Thinking in terms of a "speed up multiplier" undersells it completely. The speed up on a task I would have never even attempted is infinite. For my +3000 PR recently on my polymarket engine control plane, I had no idea how these types of things are typically done. It would have taken me many hours to think through an implementation and hours of research online to assemble an understanding on typical best practices. Now with AI I can dispatch many parallel agents to examine virtually all all public resources for this at once.

Basically if it's been done before in a public facing way, you get a passable version of that functionality "for free". That's a huge deal.

sarchertech · 2026-03-16T13:18:28 1773667108

1. You think you have something following typical best practices. You have no way to verify that without taking the time to understand the problem and solution yourself.

2. If you’d done 1, you’d have the knowledge yourself next time the problem came up and could either write it yourself or skip the verifications step.

I’m not saying there aren’t problems out there where the problem is hard to solve but easy to verify. And for those use cases LLMs are terrific.

But many problems have the inverse property. And many problems that look like the first type are actually the second.

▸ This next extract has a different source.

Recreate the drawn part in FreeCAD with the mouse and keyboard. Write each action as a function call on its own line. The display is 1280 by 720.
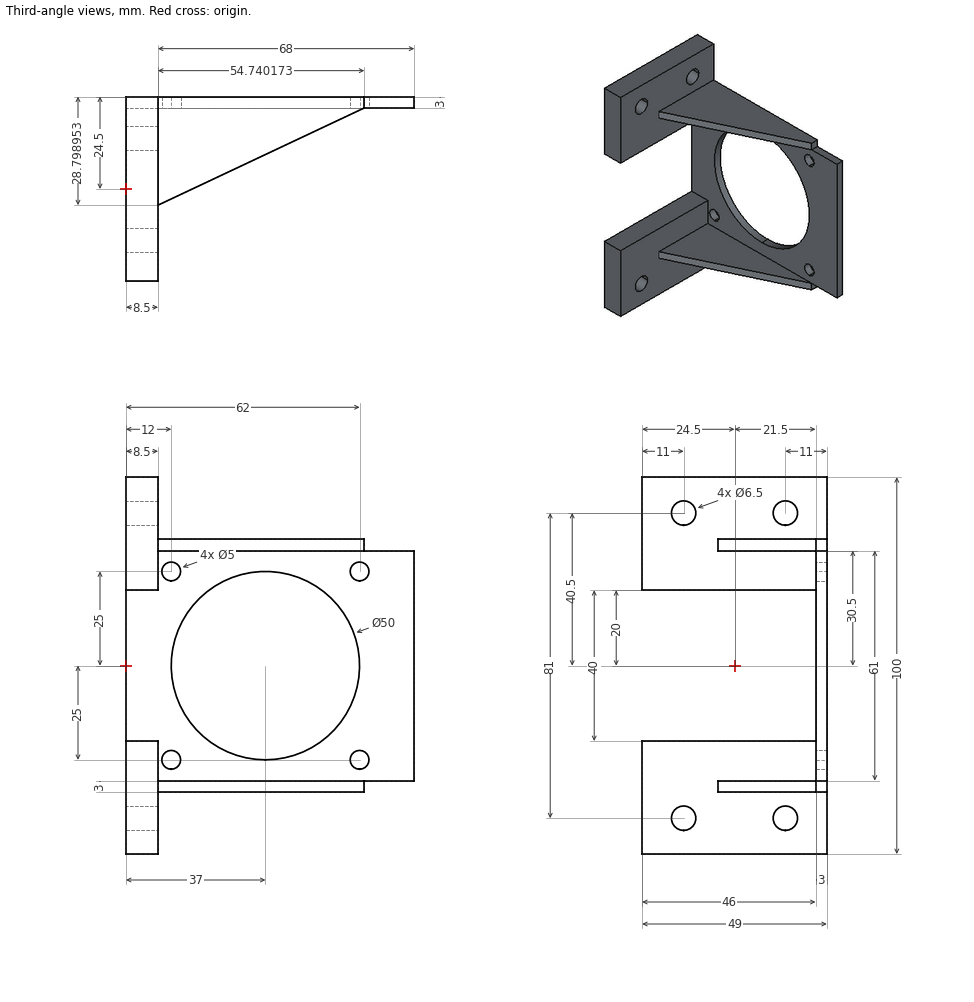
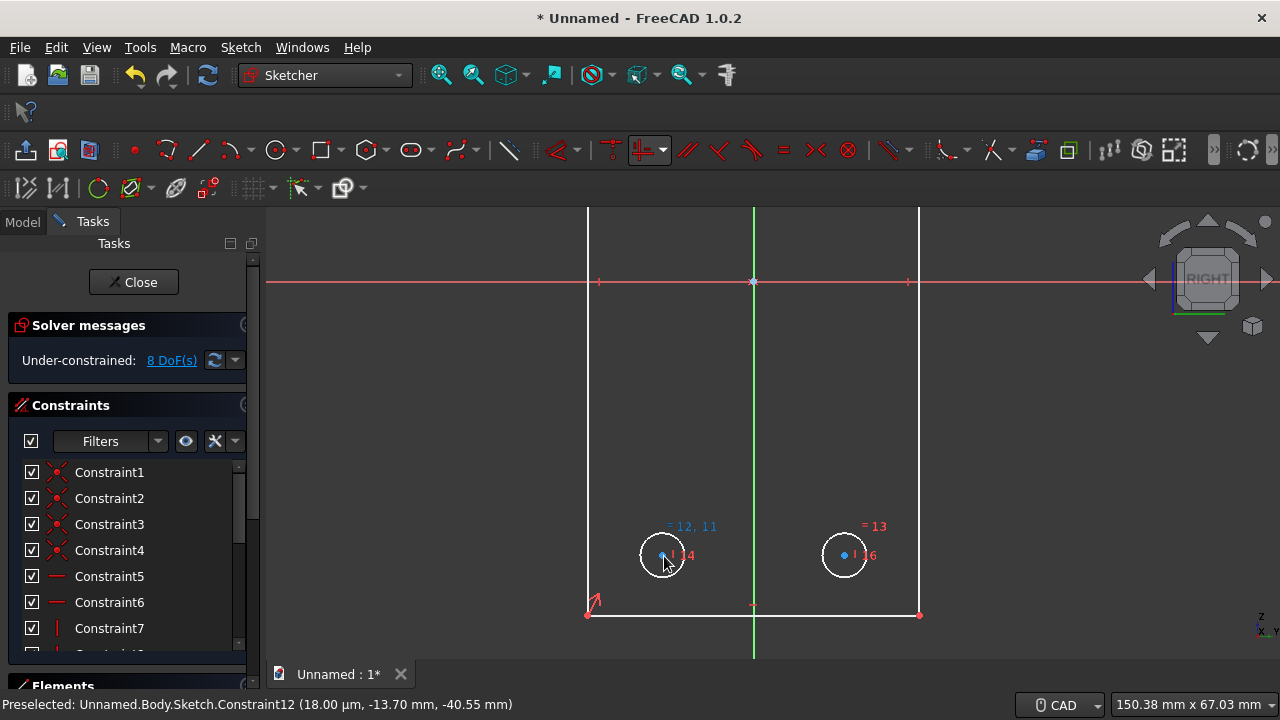
click(662, 555)
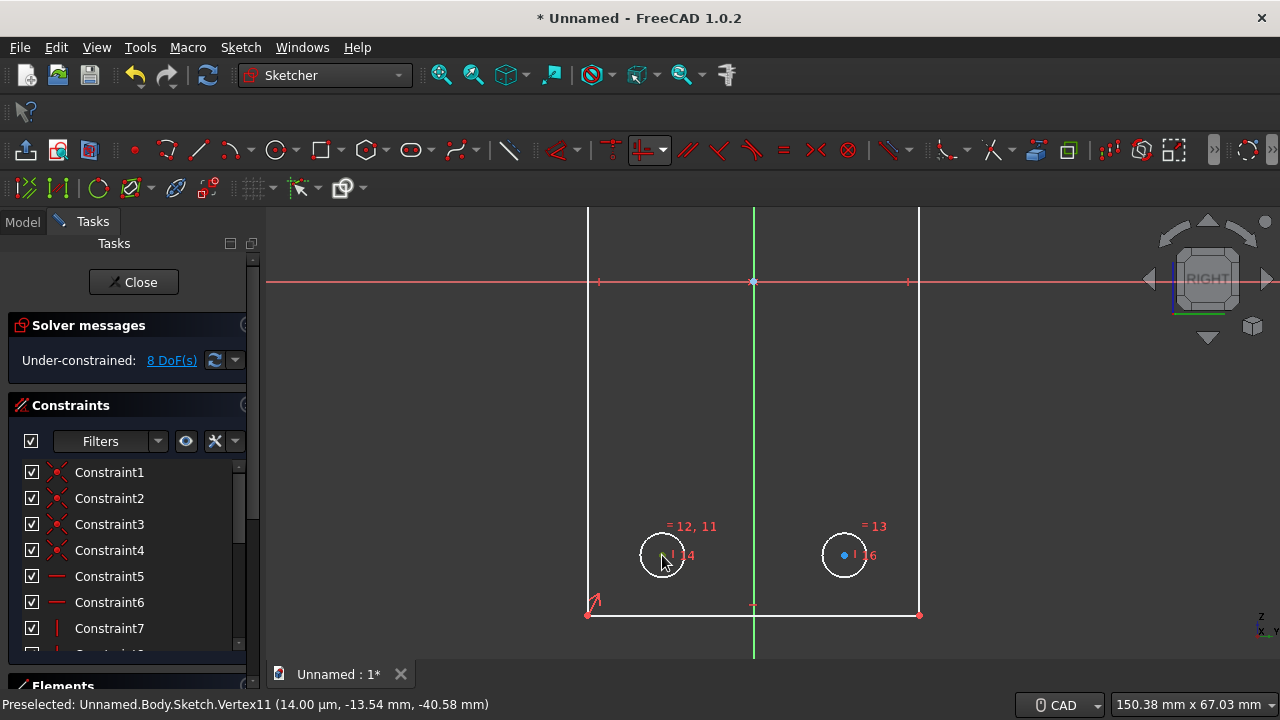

LLMs are also shockingly good at generating solutions that look plausible, independent of correctness or suitability, so it’s almost always harder to do the verification step than it seems.

extr · 2026-03-16T18:48:47 1773686927

The control plane is already operational and does what I need. Copying public designs solved a few problems I didn't even know I had (awkward command and control UX) and seems strictly superior to what I had before. I could have taken a lot longer on this - probably at least a week, to "deeply understand the problem and solution". But it's unclear what exactly that would have bought me. If I run into further issues I will just solve them at that time.

So what is the issue exactly? This pattern just seems like a looser form of using a library versus building from scratch.

sarchertech · 2026-03-21T12:33:39 1774096419

For one I’d argue that you shouldn’t just use a library without understanding what it does and verifying it does what it says.

But a library has been used by multiple people who have verified that it does what it says it does as long as you pick something popular.

You have no idea what this code does. Maybe it has a huge security flaw? Or maybe it’s just riddled with bugs that you don’t know enough to expose.

Maybe it “follows best practices” that your agents uncovered or maybe it doesn’t.

If you expose customer data, or you fuck up in a way that costs customers money, the AI isn’t liable for that you are.

Now if this is just a toy app where no one can be harmed sure who cares.